> [WORK INSTRUCTIONS]:
Would you return each record that follows word for word, without its pictures?

### DATA SUPPLIED ###

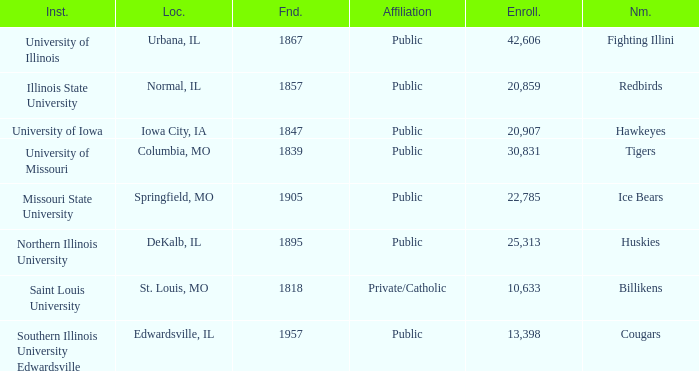Which institution is private/catholic? Saint Louis University. 
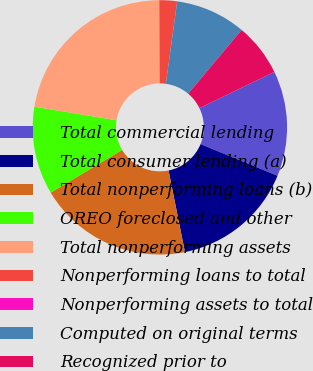<chart> <loc_0><loc_0><loc_500><loc_500><pie_chart><fcel>Total commercial lending<fcel>Total consumer lending (a)<fcel>Total nonperforming loans (b)<fcel>OREO foreclosed and other<fcel>Total nonperforming assets<fcel>Nonperforming loans to total<fcel>Nonperforming assets to total<fcel>Computed on original terms<fcel>Recognized prior to<nl><fcel>13.4%<fcel>15.63%<fcel>19.58%<fcel>11.17%<fcel>22.33%<fcel>2.24%<fcel>0.01%<fcel>8.94%<fcel>6.7%<nl></chart> 
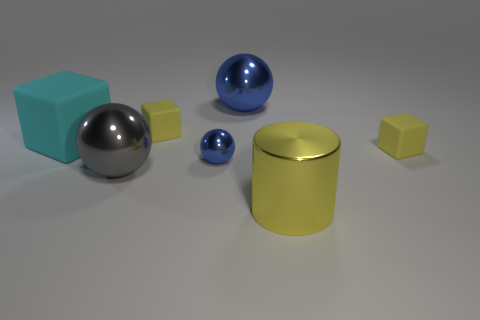What is the material of the yellow thing in front of the small rubber cube to the right of the cylinder?
Your response must be concise. Metal. Are there any blocks that are left of the yellow matte object on the right side of the yellow shiny object?
Offer a very short reply. Yes. There is a yellow object to the right of the metal cylinder; what shape is it?
Provide a short and direct response. Cube. What number of yellow rubber cubes are in front of the big metallic ball that is in front of the blue metallic thing that is in front of the big blue shiny sphere?
Keep it short and to the point. 0. There is a gray ball; is it the same size as the rubber cube that is right of the cylinder?
Your answer should be compact. No. What size is the blue metallic thing that is left of the blue metallic ball that is right of the small blue shiny ball?
Your answer should be compact. Small. What number of yellow objects are the same material as the big cyan block?
Your response must be concise. 2. Are any large spheres visible?
Keep it short and to the point. Yes. There is a matte object that is on the right side of the small sphere; what is its size?
Your answer should be very brief. Small. How many rubber things are the same color as the big shiny cylinder?
Provide a succinct answer. 2. 
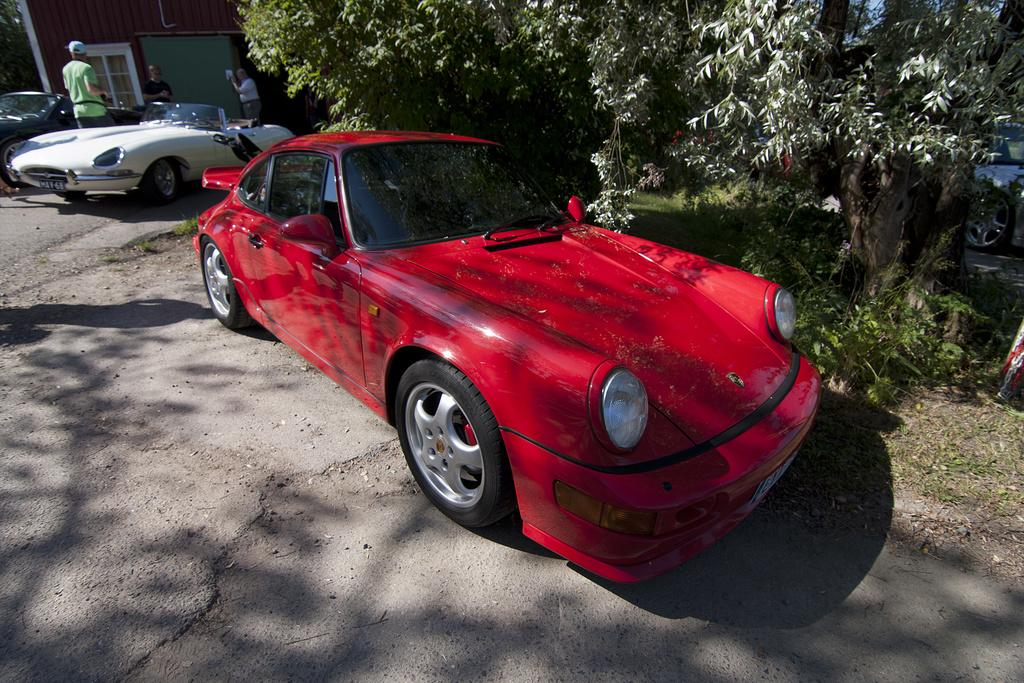What is the main structure in the image? There is a building in the image. What is happening in front of the building? There are people standing in front of the building. What are the people standing beside? The people are beside cars. What color is one of the cars in the image? There is a red car in the image. What type of vegetation is beside the red car? There are trees beside the red car. Can you tell me how many robins are perched on the trees beside the red car? There are no robins present in the image; only trees are visible beside the red car. Is there a boy standing beside the red car in the image? There is no boy visible beside the red car in the image; only people in general are mentioned. 
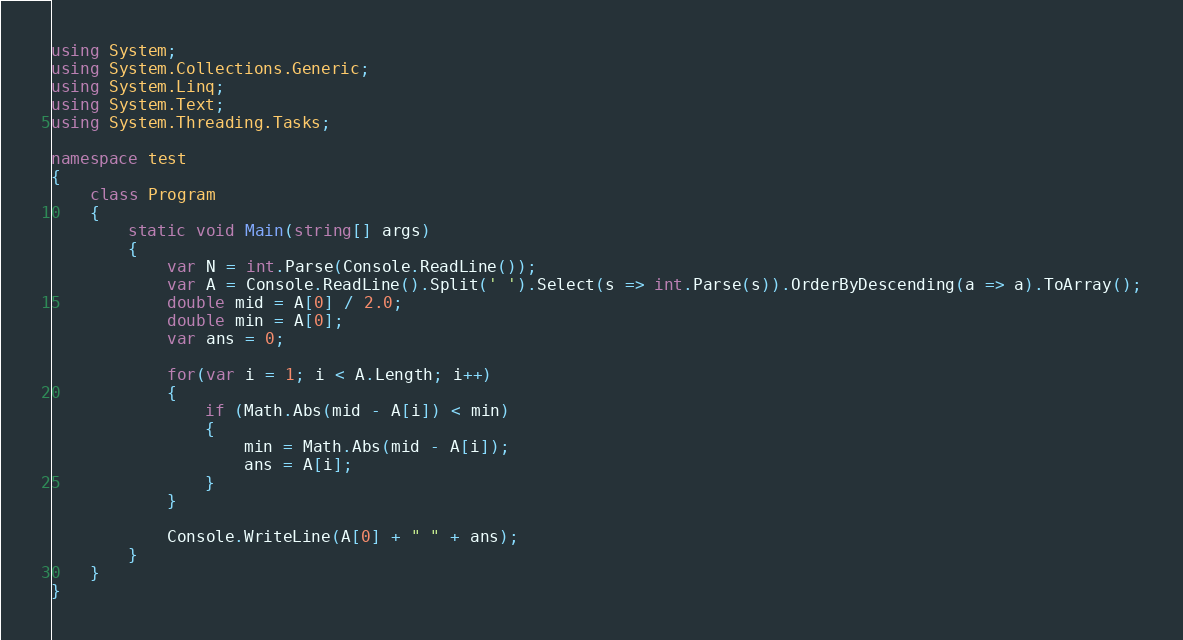Convert code to text. <code><loc_0><loc_0><loc_500><loc_500><_C#_>using System;
using System.Collections.Generic;
using System.Linq;
using System.Text;
using System.Threading.Tasks;

namespace test
{
    class Program
    {
        static void Main(string[] args)
        {
            var N = int.Parse(Console.ReadLine());
            var A = Console.ReadLine().Split(' ').Select(s => int.Parse(s)).OrderByDescending(a => a).ToArray();
            double mid = A[0] / 2.0;
            double min = A[0];
            var ans = 0;

            for(var i = 1; i < A.Length; i++)
            {
                if (Math.Abs(mid - A[i]) < min)
                {
                    min = Math.Abs(mid - A[i]);
                    ans = A[i];
                }
            }

            Console.WriteLine(A[0] + " " + ans);
        }
    }
}</code> 
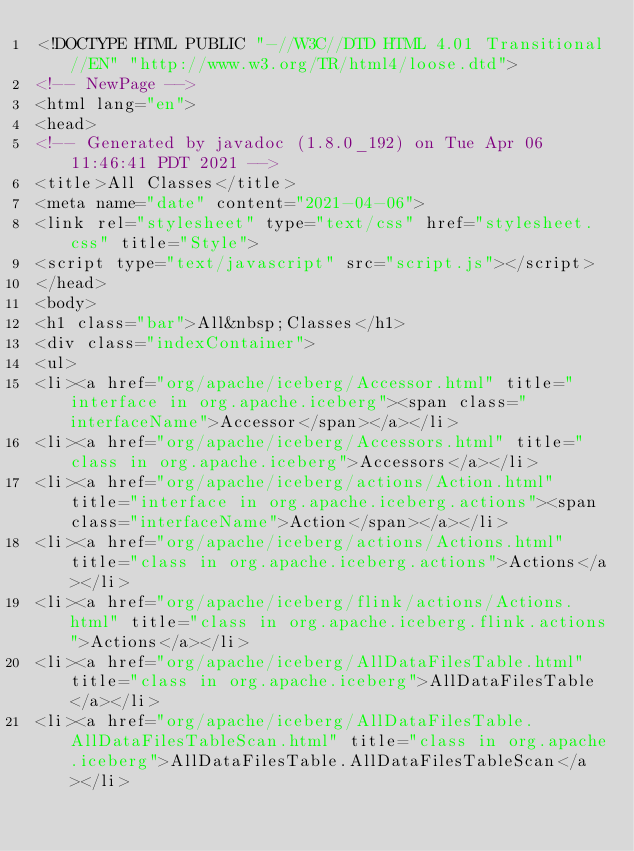<code> <loc_0><loc_0><loc_500><loc_500><_HTML_><!DOCTYPE HTML PUBLIC "-//W3C//DTD HTML 4.01 Transitional//EN" "http://www.w3.org/TR/html4/loose.dtd">
<!-- NewPage -->
<html lang="en">
<head>
<!-- Generated by javadoc (1.8.0_192) on Tue Apr 06 11:46:41 PDT 2021 -->
<title>All Classes</title>
<meta name="date" content="2021-04-06">
<link rel="stylesheet" type="text/css" href="stylesheet.css" title="Style">
<script type="text/javascript" src="script.js"></script>
</head>
<body>
<h1 class="bar">All&nbsp;Classes</h1>
<div class="indexContainer">
<ul>
<li><a href="org/apache/iceberg/Accessor.html" title="interface in org.apache.iceberg"><span class="interfaceName">Accessor</span></a></li>
<li><a href="org/apache/iceberg/Accessors.html" title="class in org.apache.iceberg">Accessors</a></li>
<li><a href="org/apache/iceberg/actions/Action.html" title="interface in org.apache.iceberg.actions"><span class="interfaceName">Action</span></a></li>
<li><a href="org/apache/iceberg/actions/Actions.html" title="class in org.apache.iceberg.actions">Actions</a></li>
<li><a href="org/apache/iceberg/flink/actions/Actions.html" title="class in org.apache.iceberg.flink.actions">Actions</a></li>
<li><a href="org/apache/iceberg/AllDataFilesTable.html" title="class in org.apache.iceberg">AllDataFilesTable</a></li>
<li><a href="org/apache/iceberg/AllDataFilesTable.AllDataFilesTableScan.html" title="class in org.apache.iceberg">AllDataFilesTable.AllDataFilesTableScan</a></li></code> 
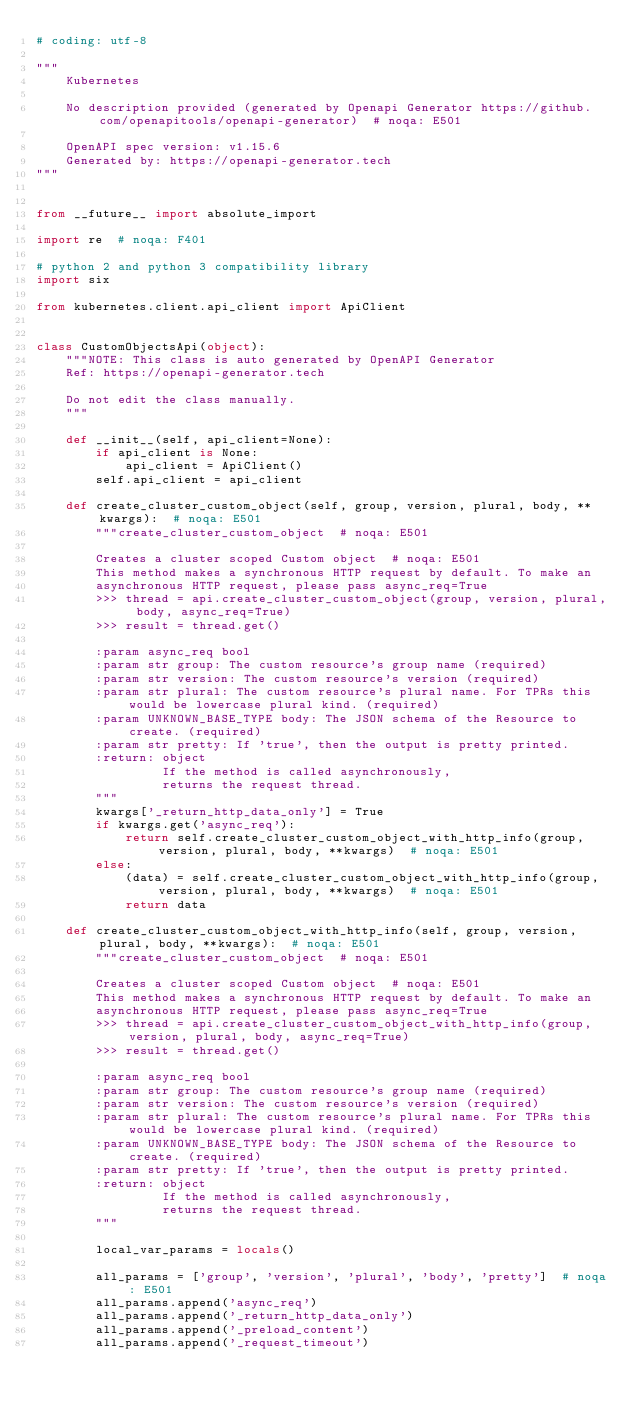Convert code to text. <code><loc_0><loc_0><loc_500><loc_500><_Python_># coding: utf-8

"""
    Kubernetes

    No description provided (generated by Openapi Generator https://github.com/openapitools/openapi-generator)  # noqa: E501

    OpenAPI spec version: v1.15.6
    Generated by: https://openapi-generator.tech
"""


from __future__ import absolute_import

import re  # noqa: F401

# python 2 and python 3 compatibility library
import six

from kubernetes.client.api_client import ApiClient


class CustomObjectsApi(object):
    """NOTE: This class is auto generated by OpenAPI Generator
    Ref: https://openapi-generator.tech

    Do not edit the class manually.
    """

    def __init__(self, api_client=None):
        if api_client is None:
            api_client = ApiClient()
        self.api_client = api_client

    def create_cluster_custom_object(self, group, version, plural, body, **kwargs):  # noqa: E501
        """create_cluster_custom_object  # noqa: E501

        Creates a cluster scoped Custom object  # noqa: E501
        This method makes a synchronous HTTP request by default. To make an
        asynchronous HTTP request, please pass async_req=True
        >>> thread = api.create_cluster_custom_object(group, version, plural, body, async_req=True)
        >>> result = thread.get()

        :param async_req bool
        :param str group: The custom resource's group name (required)
        :param str version: The custom resource's version (required)
        :param str plural: The custom resource's plural name. For TPRs this would be lowercase plural kind. (required)
        :param UNKNOWN_BASE_TYPE body: The JSON schema of the Resource to create. (required)
        :param str pretty: If 'true', then the output is pretty printed.
        :return: object
                 If the method is called asynchronously,
                 returns the request thread.
        """
        kwargs['_return_http_data_only'] = True
        if kwargs.get('async_req'):
            return self.create_cluster_custom_object_with_http_info(group, version, plural, body, **kwargs)  # noqa: E501
        else:
            (data) = self.create_cluster_custom_object_with_http_info(group, version, plural, body, **kwargs)  # noqa: E501
            return data

    def create_cluster_custom_object_with_http_info(self, group, version, plural, body, **kwargs):  # noqa: E501
        """create_cluster_custom_object  # noqa: E501

        Creates a cluster scoped Custom object  # noqa: E501
        This method makes a synchronous HTTP request by default. To make an
        asynchronous HTTP request, please pass async_req=True
        >>> thread = api.create_cluster_custom_object_with_http_info(group, version, plural, body, async_req=True)
        >>> result = thread.get()

        :param async_req bool
        :param str group: The custom resource's group name (required)
        :param str version: The custom resource's version (required)
        :param str plural: The custom resource's plural name. For TPRs this would be lowercase plural kind. (required)
        :param UNKNOWN_BASE_TYPE body: The JSON schema of the Resource to create. (required)
        :param str pretty: If 'true', then the output is pretty printed.
        :return: object
                 If the method is called asynchronously,
                 returns the request thread.
        """

        local_var_params = locals()

        all_params = ['group', 'version', 'plural', 'body', 'pretty']  # noqa: E501
        all_params.append('async_req')
        all_params.append('_return_http_data_only')
        all_params.append('_preload_content')
        all_params.append('_request_timeout')
</code>

###

> [EXERCISE RESULT]:
Which institution is private/catholic? Saint Louis University. 
<chart> <loc_0><loc_0><loc_500><loc_500><pie_chart><fcel>Total commercial lending<fcel>Total consumer lending (a)<fcel>Total nonperforming loans (b)<fcel>OREO foreclosed and other<fcel>Total nonperforming assets<fcel>Nonperforming loans to total<fcel>Nonperforming assets to total<fcel>Computed on original terms<fcel>Recognized prior to<nl><fcel>13.4%<fcel>15.63%<fcel>19.58%<fcel>11.17%<fcel>22.33%<fcel>2.24%<fcel>0.01%<fcel>8.94%<fcel>6.7%<nl></chart> 
What is the material of the yellow thing in front of the small rubber cube to the right of the cylinder?
Your response must be concise. Metal. Are there any blocks that are left of the yellow matte object on the right side of the yellow shiny object?
Offer a very short reply. Yes. There is a yellow object to the right of the metal cylinder; what shape is it?
Provide a short and direct response. Cube. What number of yellow rubber cubes are in front of the big metallic ball that is in front of the blue metallic thing that is in front of the big blue shiny sphere?
Keep it short and to the point. 0. There is a gray ball; is it the same size as the rubber cube that is right of the cylinder?
Your answer should be compact. No. What size is the blue metallic thing that is left of the blue metallic ball that is right of the small blue shiny ball?
Your answer should be compact. Small. What number of yellow objects are the same material as the big cyan block?
Your response must be concise. 2. Are any large spheres visible?
Keep it short and to the point. Yes. There is a matte object that is on the right side of the small sphere; what is its size?
Your answer should be very brief. Small. How many rubber things are the same color as the big shiny cylinder?
Provide a succinct answer. 2. 
What is the main structure in the image? There is a building in the image. What is happening in front of the building? There are people standing in front of the building. What are the people standing beside? The people are beside cars. What color is one of the cars in the image? There is a red car in the image. What type of vegetation is beside the red car? There are trees beside the red car. Can you tell me how many robins are perched on the trees beside the red car? There are no robins present in the image; only trees are visible beside the red car. Is there a boy standing beside the red car in the image? There is no boy visible beside the red car in the image; only people in general are mentioned. 
Convert code to text. <code><loc_0><loc_0><loc_500><loc_500><_C#_>using System;
using System.Collections.Generic;
using System.Linq;
using System.Text;
using System.Threading.Tasks;

namespace test
{
    class Program
    {
        static void Main(string[] args)
        {
            var N = int.Parse(Console.ReadLine());
            var A = Console.ReadLine().Split(' ').Select(s => int.Parse(s)).OrderByDescending(a => a).ToArray();
            double mid = A[0] / 2.0;
            double min = A[0];
            var ans = 0;

            for(var i = 1; i < A.Length; i++)
            {
                if (Math.Abs(mid - A[i]) < min)
                {
                    min = Math.Abs(mid - A[i]);
                    ans = A[i];
                }
            }

            Console.WriteLine(A[0] + " " + ans);
        }
    }
}</code> 
<code> <loc_0><loc_0><loc_500><loc_500><_HTML_><!DOCTYPE HTML PUBLIC "-//W3C//DTD HTML 4.01 Transitional//EN" "http://www.w3.org/TR/html4/loose.dtd">
<!-- NewPage -->
<html lang="en">
<head>
<!-- Generated by javadoc (1.8.0_192) on Tue Apr 06 11:46:41 PDT 2021 -->
<title>All Classes</title>
<meta name="date" content="2021-04-06">
<link rel="stylesheet" type="text/css" href="stylesheet.css" title="Style">
<script type="text/javascript" src="script.js"></script>
</head>
<body>
<h1 class="bar">All&nbsp;Classes</h1>
<div class="indexContainer">
<ul>
<li><a href="org/apache/iceberg/Accessor.html" title="interface in org.apache.iceberg"><span class="interfaceName">Accessor</span></a></li>
<li><a href="org/apache/iceberg/Accessors.html" title="class in org.apache.iceberg">Accessors</a></li>
<li><a href="org/apache/iceberg/actions/Action.html" title="interface in org.apache.iceberg.actions"><span class="interfaceName">Action</span></a></li>
<li><a href="org/apache/iceberg/actions/Actions.html" title="class in org.apache.iceberg.actions">Actions</a></li>
<li><a href="org/apache/iceberg/flink/actions/Actions.html" title="class in org.apache.iceberg.flink.actions">Actions</a></li>
<li><a href="org/apache/iceberg/AllDataFilesTable.html" title="class in org.apache.iceberg">AllDataFilesTable</a></li>
<li><a href="org/apache/iceberg/AllDataFilesTable.AllDataFilesTableScan.html" title="class in org.apache.iceberg">AllDataFilesTable.AllDataFilesTableScan</a></li></code> 
Convert code to text. <code><loc_0><loc_0><loc_500><loc_500><_Python_># coding: utf-8

"""
    Kubernetes

    No description provided (generated by Openapi Generator https://github.com/openapitools/openapi-generator)  # noqa: E501

    OpenAPI spec version: v1.15.6
    Generated by: https://openapi-generator.tech
"""


from __future__ import absolute_import

import re  # noqa: F401

# python 2 and python 3 compatibility library
import six

from kubernetes.client.api_client import ApiClient


class CustomObjectsApi(object):
    """NOTE: This class is auto generated by OpenAPI Generator
    Ref: https://openapi-generator.tech

    Do not edit the class manually.
    """

    def __init__(self, api_client=None):
        if api_client is None:
            api_client = ApiClient()
        self.api_client = api_client

    def create_cluster_custom_object(self, group, version, plural, body, **kwargs):  # noqa: E501
        """create_cluster_custom_object  # noqa: E501

        Creates a cluster scoped Custom object  # noqa: E501
        This method makes a synchronous HTTP request by default. To make an
        asynchronous HTTP request, please pass async_req=True
        >>> thread = api.create_cluster_custom_object(group, version, plural, body, async_req=True)
        >>> result = thread.get()

        :param async_req bool
        :param str group: The custom resource's group name (required)
        :param str version: The custom resource's version (required)
        :param str plural: The custom resource's plural name. For TPRs this would be lowercase plural kind. (required)
        :param UNKNOWN_BASE_TYPE body: The JSON schema of the Resource to create. (required)
        :param str pretty: If 'true', then the output is pretty printed.
        :return: object
                 If the method is called asynchronously,
                 returns the request thread.
        """
        kwargs['_return_http_data_only'] = True
        if kwargs.get('async_req'):
            return self.create_cluster_custom_object_with_http_info(group, version, plural, body, **kwargs)  # noqa: E501
        else:
            (data) = self.create_cluster_custom_object_with_http_info(group, version, plural, body, **kwargs)  # noqa: E501
            return data

    def create_cluster_custom_object_with_http_info(self, group, version, plural, body, **kwargs):  # noqa: E501
        """create_cluster_custom_object  # noqa: E501

        Creates a cluster scoped Custom object  # noqa: E501
        This method makes a synchronous HTTP request by default. To make an
        asynchronous HTTP request, please pass async_req=True
        >>> thread = api.create_cluster_custom_object_with_http_info(group, version, plural, body, async_req=True)
        >>> result = thread.get()

        :param async_req bool
        :param str group: The custom resource's group name (required)
        :param str version: The custom resource's version (required)
        :param str plural: The custom resource's plural name. For TPRs this would be lowercase plural kind. (required)
        :param UNKNOWN_BASE_TYPE body: The JSON schema of the Resource to create. (required)
        :param str pretty: If 'true', then the output is pretty printed.
        :return: object
                 If the method is called asynchronously,
                 returns the request thread.
        """

        local_var_params = locals()

        all_params = ['group', 'version', 'plural', 'body', 'pretty']  # noqa: E501
        all_params.append('async_req')
        all_params.append('_return_http_data_only')
        all_params.append('_preload_content')
        all_params.append('_request_timeout')
</code>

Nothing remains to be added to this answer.